Я обнимаю тебя быстро-быстро и смотрю, как ты выезжаешь. Теперь мне просто не подумать ни о ком кроме. Даже взгляд твоего тренера я пропускаю, хотя стоило бы от него смутиться — он многозначителен.
Мне хочется остаться, даже сильнее, чем уйти. Но все же… Это не твой выход, и я отхожу, поначалу странно пятясь, не в силах просто отвернуться от тебя. И от того Яков, оказавшийся рядом, меня почти пугает.
— Эй! Ты подкрался! — реагирую я мгновенно.
— Нет, просто ты был… слишком в себе. Юра, иди уже, Лилия ждет. Тебе не нужно смотреть и пора уже подумать о программе. Пожалуйста. Это ведь… все еще важно?
Вопрос Якова меня потрясает, но не заставляет задуматься:
— Конечно, — отрезаю я, и вот теперь возвращаюсь в коридор.
Он… ужасно узкий. А Лилия мгновенно берет меня в оборот, беззастенчиво, открывая дверь мужской раздевалки и командуя:
— Олимпийку прочь. Сейчас закрепим подтяжки, потом… Раз Отабек не успел, я все же причешу тебя, точнее… начешу, я и лак прихватила.
Я таращусь на Лилию, слыша этот ее обычный текст, но словно совсем иным. И, кажется, давлю улыбку, закусываю ее, но не делаю и жеста. И Лилия сама тянет вниз молнию моей олимпийки:
— Плисецкий, отомри. Что ты застыл?
— Я… просто думаю о тебе. О том, как мы пекли плюшки, когда приезжал Яков.
Лилия вдруг краснеет и прикрывает глаза:
— Нашел о чем вспомнить. Юра, ты…
— Это имеет прямое отношение к программе, как мне кажется, — вдруг перебиваю ее я.
— Плюшки? — Лилия очень выразительно поднимает бровь.
— Да нет же… Ты… То, как ты их пекла.
— Ты, кажется, бредишь… — выдает Лилия.
Лилия не желает думать об этом и не готова… она вдруг совершенно не готова к такому Юре и его неожиданным, запрятанным в уголках губ улыбкам.
— Юра, стой ровно! — требует она, уже оправляя рубашку, и закрепляя подтяжки.

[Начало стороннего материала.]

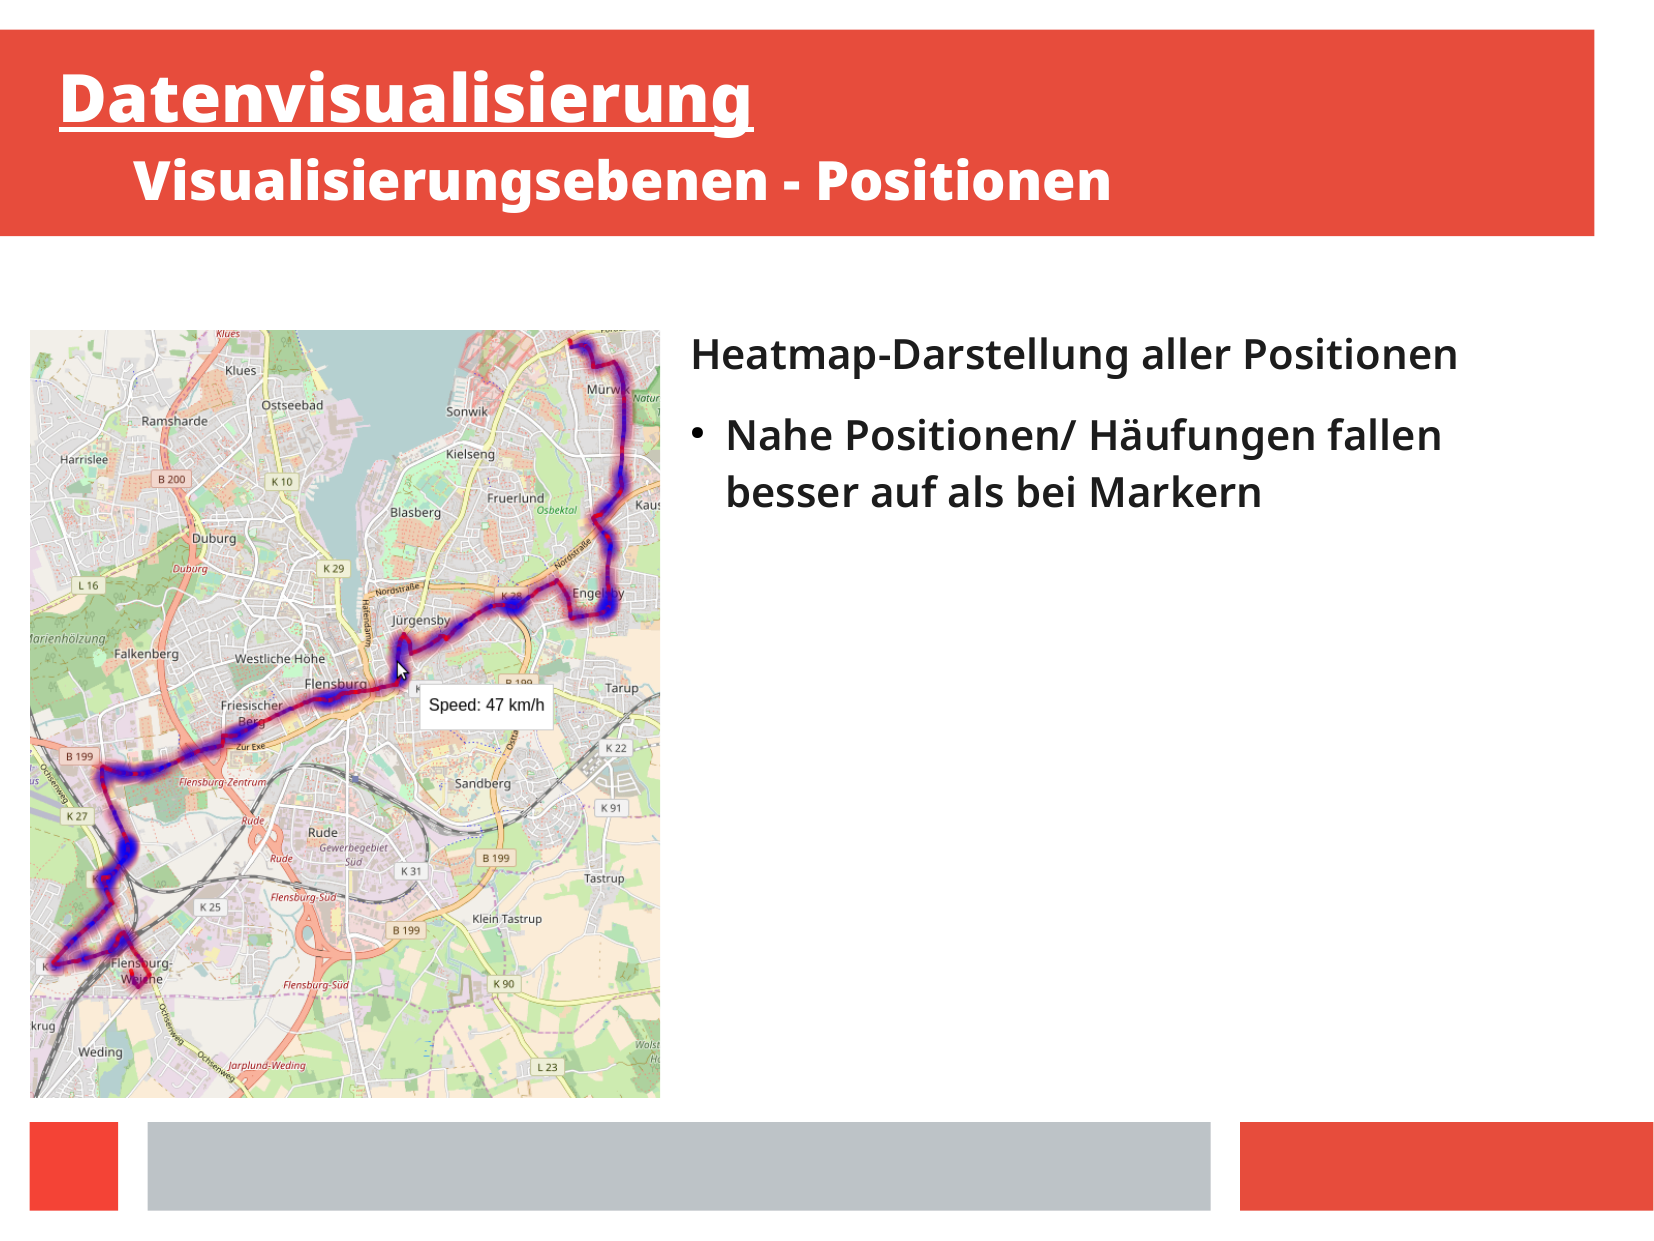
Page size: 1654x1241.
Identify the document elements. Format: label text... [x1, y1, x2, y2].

А потом сама подает олимпийку, и Юра надевает ее, застегивая под горло: теперь под ней его тайна.
Лилия так странно сейчас ее с ним разделяет. Как разделяла всегда. Ей понятны даже загоны Юры о том, что никто не должен видеть костюм до выхода на сцену. Лилия всегда считала также.
Она подталкивает Юру к скамейке и теперь принимается за укладку. Это нравится ей меньше косичек, зато волосы у Юры легкие и послушные, они быстро обретают форму и теперь парят вокруг лица. Лилия знает, что ангелов с такими лицами не бывает и чуть усмехается:
— Знаешь, меня тоже звали ангелом…
— А что случилось потом? — спрашиваю я с неподдельным интересом.
— А потом я встретила Якова. До того он был просто кумиром и мечтой.
И я просто открываю рот, но Лилия уходит от обсуждений:
— Я принесла тебе плеер, будешь слушать?
— Да, — сразу соглашаюсь я.
Мы возвращаемся в коридор, я вставляю наушники в уши и увеличиваю громкость до полной. Глаза закрывать не нужно, я легко ускользаю из реальности, но… это больше не одиночество в толпе. Это просто я, мои чувства и мои воспоминания. Я подпираю собой стену, выбивая ритм ногой, а Лилия стоит рядом. Я впервые так сильно замечаю ее, хотя она делала так всегда. А потом музыка уносит меня так далеко… и так близко — к тебе.